Agentic LLMs Reproduce Linux Kernel PoCs

Agents

Published: Wed, Feb 11, 2026 • By Elise Veyron

Agentic LLMs Reproduce Linux Kernel PoCs

A study finds autonomous Large Language Model (LLM) agents can reproduce proofs of concept (PoCs) for real Linux kernel vulnerabilities in over 50% of cases. K-Repro automates code browsing, building and debugging inside virtual machines, often finishing within tens of minutes at a few dollars per case, though race and temporal memory bugs remain hard.

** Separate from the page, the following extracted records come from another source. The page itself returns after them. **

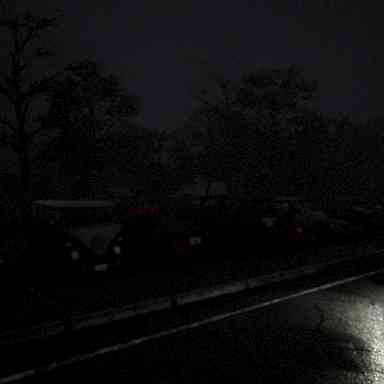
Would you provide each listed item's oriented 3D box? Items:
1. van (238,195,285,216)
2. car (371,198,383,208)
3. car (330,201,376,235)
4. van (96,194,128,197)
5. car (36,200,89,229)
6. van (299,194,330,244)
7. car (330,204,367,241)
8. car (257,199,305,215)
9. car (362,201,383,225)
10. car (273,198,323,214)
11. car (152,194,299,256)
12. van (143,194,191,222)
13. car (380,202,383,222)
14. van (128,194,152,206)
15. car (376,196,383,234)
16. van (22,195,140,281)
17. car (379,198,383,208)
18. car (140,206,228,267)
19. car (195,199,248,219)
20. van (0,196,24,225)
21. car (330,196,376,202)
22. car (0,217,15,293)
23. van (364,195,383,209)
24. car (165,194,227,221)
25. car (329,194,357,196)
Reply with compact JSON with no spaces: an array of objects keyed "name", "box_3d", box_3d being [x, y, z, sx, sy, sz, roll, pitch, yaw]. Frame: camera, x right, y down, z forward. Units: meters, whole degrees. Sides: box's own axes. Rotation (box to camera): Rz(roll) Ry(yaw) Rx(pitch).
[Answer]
[{"name":"van","box_3d":[6.893,1.262,33.368,1.878,1.987,4.442,0,0,-35]},{"name":"car","box_3d":[29.596,1.688,49.452,2.163,1.488,4.792,1,0,-35]},{"name":"car","box_3d":[7.786,1.440,17.789,2.097,1.535,5.008,0,0,-36]},{"name":"van","box_3d":[-6.510,1.165,23.523,1.878,1.987,4.442,0,0,-35]},{"name":"car","box_3d":[-8.713,1.402,22.102,2.097,1.535,5.008,-1,0,-35]},{"name":"van","box_3d":[3.331,1.182,14.476,1.878,1.987,4.442,0,0,-35]},{"name":"car","box_3d":[5.521,1.464,16.184,2.002,1.452,4.674,0,0,-35]},{"name":"car","box_3d":[9.214,1.544,34.883,2.002,1.452,4.674,0,0,-35]},{"name":"car","box_3d":[14.671,1.486,22.479,1.946,1.575,5.366,0,0,-35]},{"name":"car","box_3d":[11.576,1.520,36.558,2.097,1.535,5.008,0,0,-35]},{"name":"car","box_3d":[0.987,1.141,12.982,2.435,2.045,5.566,0,0,-35]},{"name":"van","box_3d":[-2.128,1.197,26.935,1.878,1.987,4.442,0,0,-35]},{"name":"car","box_3d":[16.827,1.506,24.237,2.231,1.521,4.892,0,0,-35]},{"name":"van","box_3d":[-4.281,1.182,25.399,1.878,1.987,4.442,0,0,-35]},{"name":"car","box_3d":[7.566,1.183,9.095,5.566,2.045,2.150,0,0,-36]},{"name":"van","box_3d":[-3.436,1.208,9.650,1.878,1.987,4.442,-1,0,-35]},{"name":"car","box_3d":[31.745,1.715,50.984,2.163,1.488,4.792,1,-1,-35]},{"name":"car","box_3d":[-1.254,1.435,11.385,2.163,1.488,4.792,0,0,-35]},{"name":"car","box_3d":[2.554,1.456,30.124,2.097,1.535,5.008,0,0,-35]},{"name":"van","box_3d":[-10.899,1.205,20.392,1.878,1.987,4.442,-1,0,-35]},{"name":"car","box_3d":[10.062,1.331,19.381,2.185,1.767,4.553,0,0,-35]},{"name":"car","box_3d":[-5.763,1.502,8.136,2.002,1.452,4.674,-1,0,-35]},{"name":"van","box_3d":[27.437,1.410,47.743,1.878,1.987,4.442,1,0,-36]},{"name":"car","box_3d":[0.212,1.188,28.425,2.435,2.045,5.566,0,0,-35]},{"name":"car","box_3d":[16.102,1.302,39.758,2.435,2.045,5.566,0,0,-36]}]
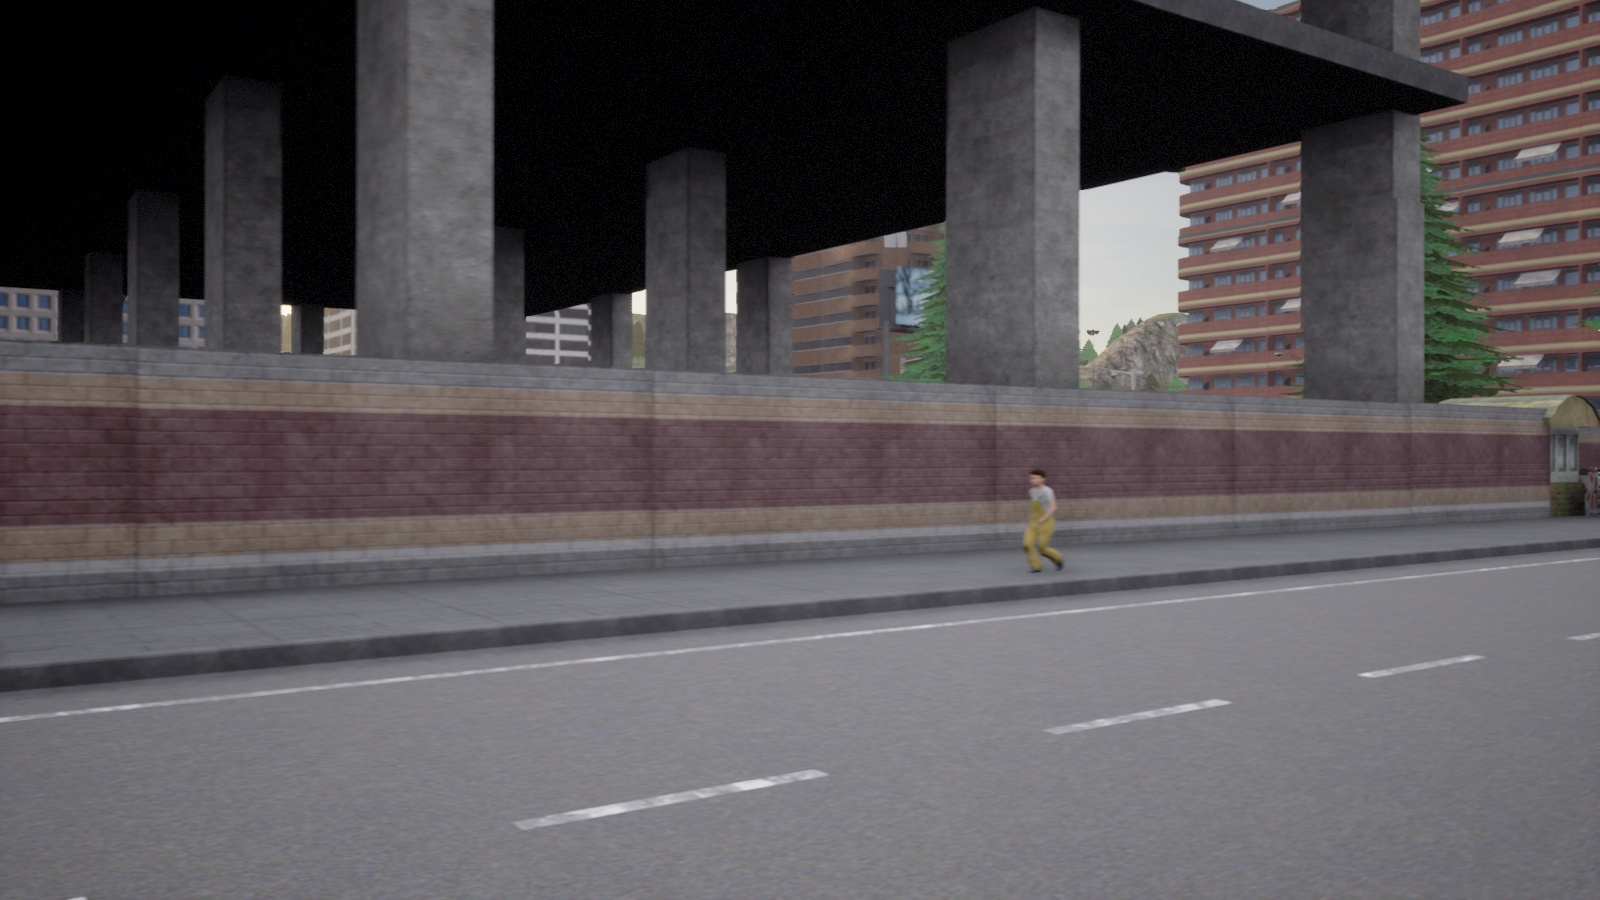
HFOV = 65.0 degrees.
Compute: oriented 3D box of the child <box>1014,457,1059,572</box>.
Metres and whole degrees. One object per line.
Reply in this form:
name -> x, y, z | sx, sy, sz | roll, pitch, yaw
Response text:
child -> 2.647, 0.708, 14.047 | 0.437, 1.263, 0.270 | 0, 0, -36
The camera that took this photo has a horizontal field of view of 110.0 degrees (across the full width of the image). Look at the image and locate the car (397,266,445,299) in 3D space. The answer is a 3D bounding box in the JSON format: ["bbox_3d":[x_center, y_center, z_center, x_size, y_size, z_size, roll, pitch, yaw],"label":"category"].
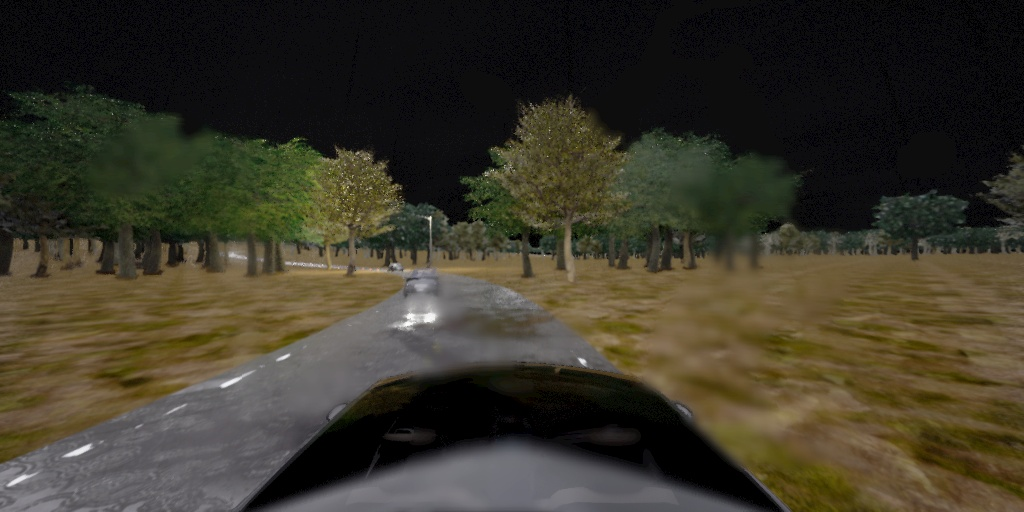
[{"bbox_3d":[-4.808,1.441,19.877,2.128,1.511,4.902,0,-1,-10],"label":"car"}]

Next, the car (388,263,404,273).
[{"bbox_3d":[-19.049,1.887,58.884,2.128,1.511,4.902,0,0,-30],"label":"car"}]
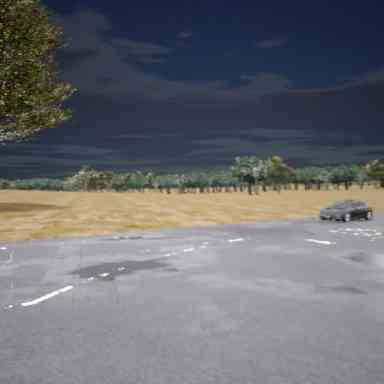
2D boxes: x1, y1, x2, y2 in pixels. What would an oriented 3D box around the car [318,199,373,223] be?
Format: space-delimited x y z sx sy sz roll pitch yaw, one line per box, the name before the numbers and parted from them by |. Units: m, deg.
car | 10.704 1.313 23.047 4.892 1.490 1.837 -2 2 -36
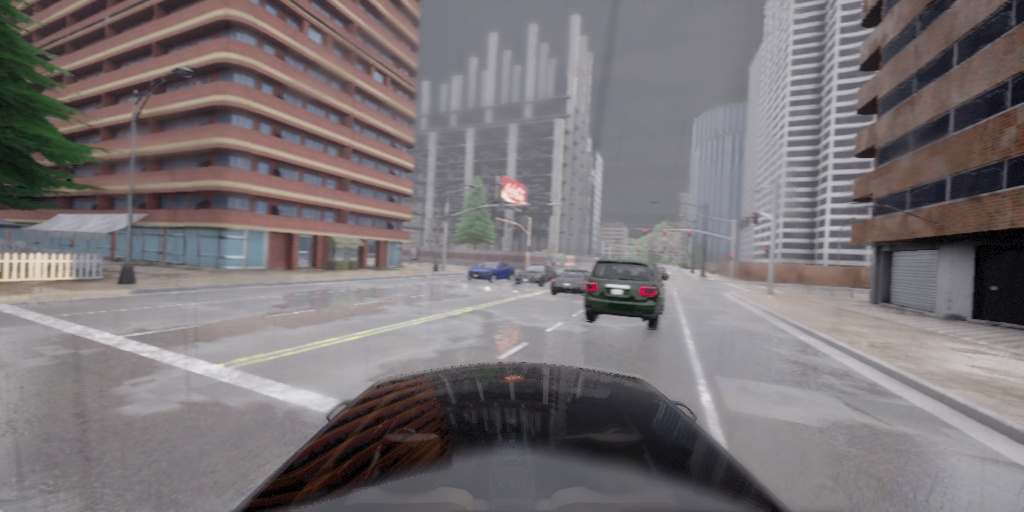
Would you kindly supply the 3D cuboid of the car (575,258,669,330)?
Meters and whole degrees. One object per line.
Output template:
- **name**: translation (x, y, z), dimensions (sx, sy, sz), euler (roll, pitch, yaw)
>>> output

Reproducing vulnerabilities in the Linux kernel is a difficult, low level task. It often requires understanding subtle triggering chains, building specialised kernels and running carefully instrumented tests. That makes it a useful stress test for autonomous security systems based on Large Language Models (LLMs). The paper under review presents a systematic, large scale experiment that asks how far an agentic LLM system can go when given a security patch and tasked to generate a concrete proof of concept (PoC).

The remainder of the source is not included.